Entre romantisme vintage et confession intime, Stephen Sanchez a investi la Salle Pleyel, ce samedi 25 avril, pour le lancement de sa tournée européenne. Un concert à la fois hors du temps et profondément ancré dans le présent, porté par une esthétique 60’s et une sincérité désarmante.
À seulement 23 ans, Stephen Sanchez s’impose comme l’une des nouvelles voix incontournables de la pop internationale. Révélé en 2021 avec “Until I Found You”, devenu un phénomène mondial, l’artiste américain façonne depuis un univers immédiatement reconnaissable, entre pop, rock et folk, nourri d’une fascination assumée pour les années 1950 et 1960. Sa musique convoque instantanément l’âge d’or des crooners, quelque part entre Elvis Presley et les grandes ballades romantiques, tout en y glissant une sensibilité résolument contemporaine. Cette tension entre passé et présent fait sa force : une esthétique rétro parfaitement maîtrisée, mais toujours au service d’émotions profondément actuelles. Installé à Nashville, il affine une écriture centrée sur l’amour — rêvé, vécu, parfois cabossé — thème central de son prochain album LOVE, LOVE, LOVE, attendu le 8 mai 2026.
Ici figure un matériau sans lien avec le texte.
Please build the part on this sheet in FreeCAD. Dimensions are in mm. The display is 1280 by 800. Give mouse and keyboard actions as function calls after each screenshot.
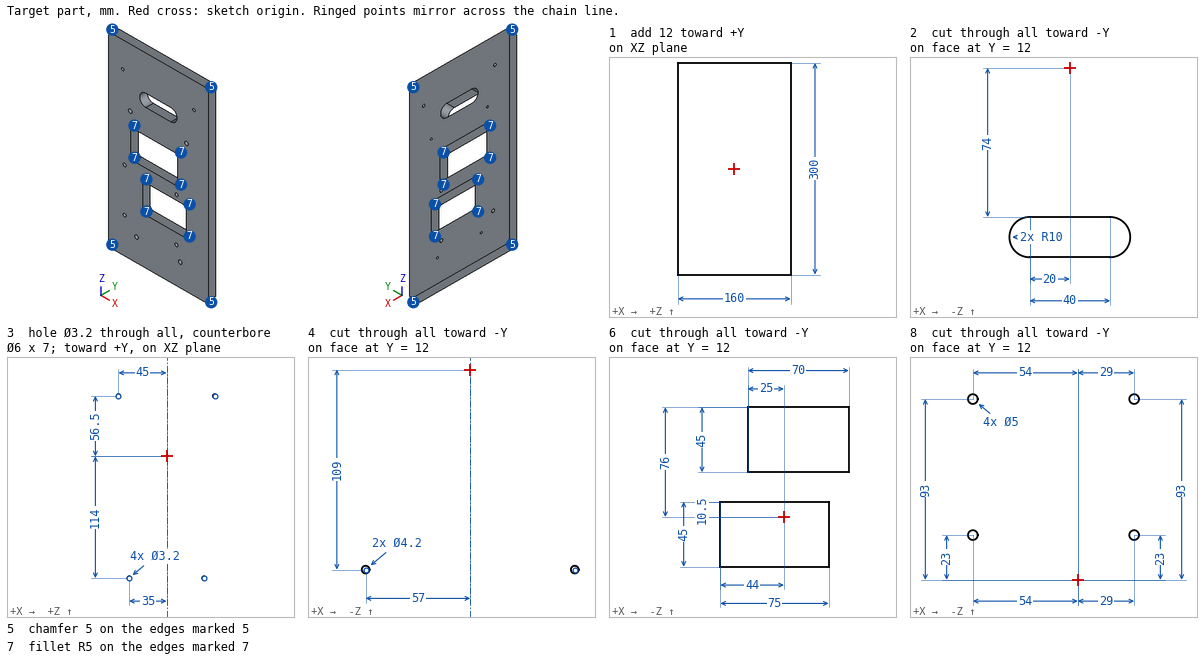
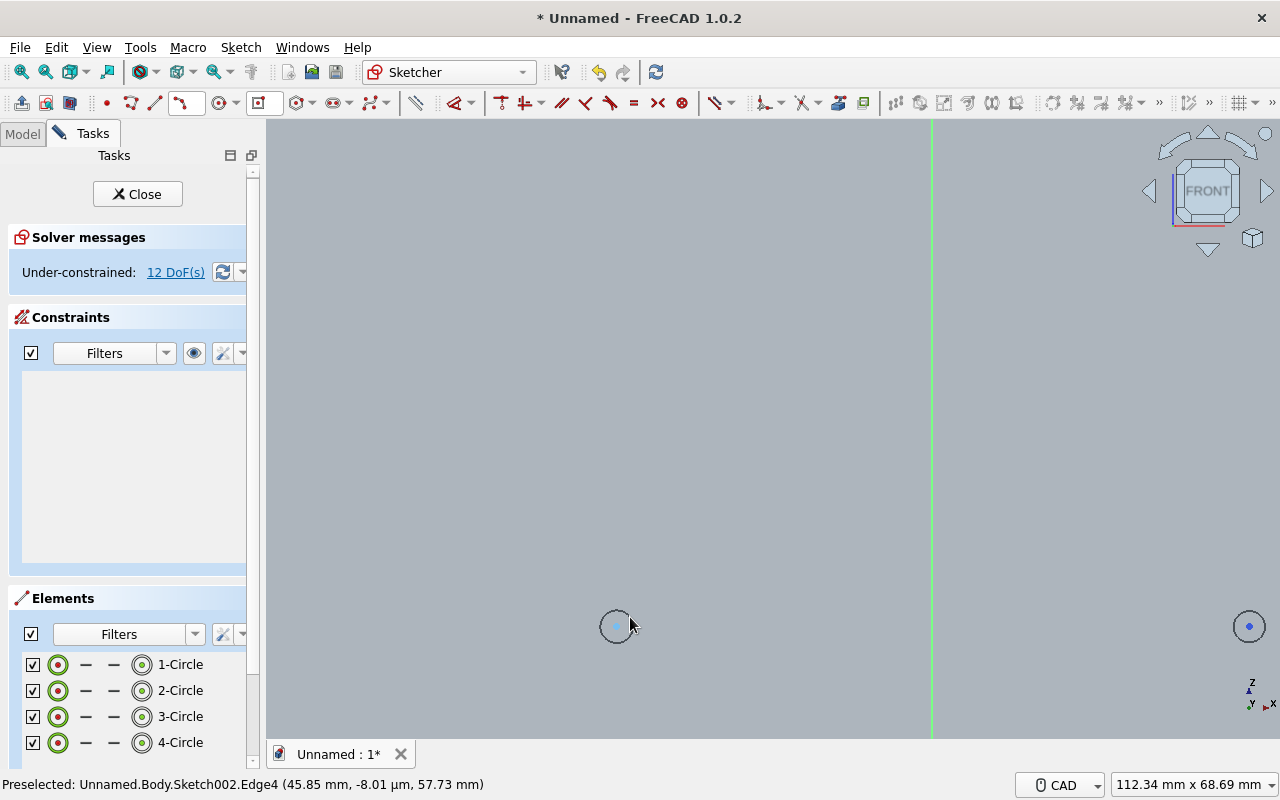
click(628, 615)

Une tournée européenne sous le signe de l’amour
C’est à la Salle Pleyel que s’ouvre la tournée européenne Sing Love Again Tour, le 25 avril 2026. Un choix qui sonne comme une évidence pour un artiste dont l’imaginaire épouse parfaitement l’élégance intemporelle du lieu. Dès les premières notes, l’atmosphère s’impose : lumières feutrées, scénographie inspirée de la grande époque d’Elvis Presley, et une présence scénique qui mise sur un jeu de jambes spectaculaire. Stephen Sanchez ne force rien, il habite l’instant.
La setlist alterne entre ses premiers succès, des titres de Angel Face, et plusieurs morceaux récents comme “Sweet Love”, premier extrait du nouvel album. Il choisit de conclure avec ses deux titres phares, Until I Found You et High. Musicalement, le concert repose sur une orchestration organique, fidèle à son identité : guitares, accents rockabilly, et arrangements subtilement rétro. Mais ce qui frappe surtout, c’est la cohérence de son univers. Chaque chanson semble prolonger la précédente, comme les chapitres d’un même film sentimental. L’ambiance oscille entre recueillement et exaltation. Le public, très attentif, accompagne chaque morceau dans un silence presque solennel, avant de se laisser emporter par une émotion collective palpable.
Moment particulièrement marquant : l’arrivée sur scène de sa fiancée, Devi Tuil. Chanteuse et compositrice française, elle partage avec lui plusieurs projets, dont le duo Dress & Tie. Leur complicité apporte une dimension supplémentaire au concert — plus intime, presque fragile.
Au-delà de la performance, c’est cette sincérité qui donne toute sa puissance au live. Stephen Sanchez ne se contente pas d’interpréter ses chansons : il les vit, avec une intensité qui dépasse largement le simple hommage nostalgique. Un concert maîtrisé, élégant, mais surtout profondément incarné — preuve que l’artiste ne repose pas seulement sur une esthétique rétro, mais sur une véritable vision émotionnelle.
Une tournée qui ne fait que commencer
Si ce premier concert parisien donne le ton, la suite de la tournée s’annonce prometteuse. Le Sing Love Again Tour marque un tournant dans la carrière de Stephen Sanchez : la volonté d’élargir son univers tout en affirmant une écriture plus personnelle. L’album LOVE, LOVE, LOVE, attendu le 8 mai, devrait approfondir cette évolution. Présenté comme plus introspectif, il s’éloigne du simple hommage aux années 60 pour explorer une vision plus intime de l’amour — entre vulnérabilité et désir de connexion.
Une chose est sûre : avec cette tournée, Stephen Sanchez ne se contente plus de revisiter le passé. Il commence à écrire le sien.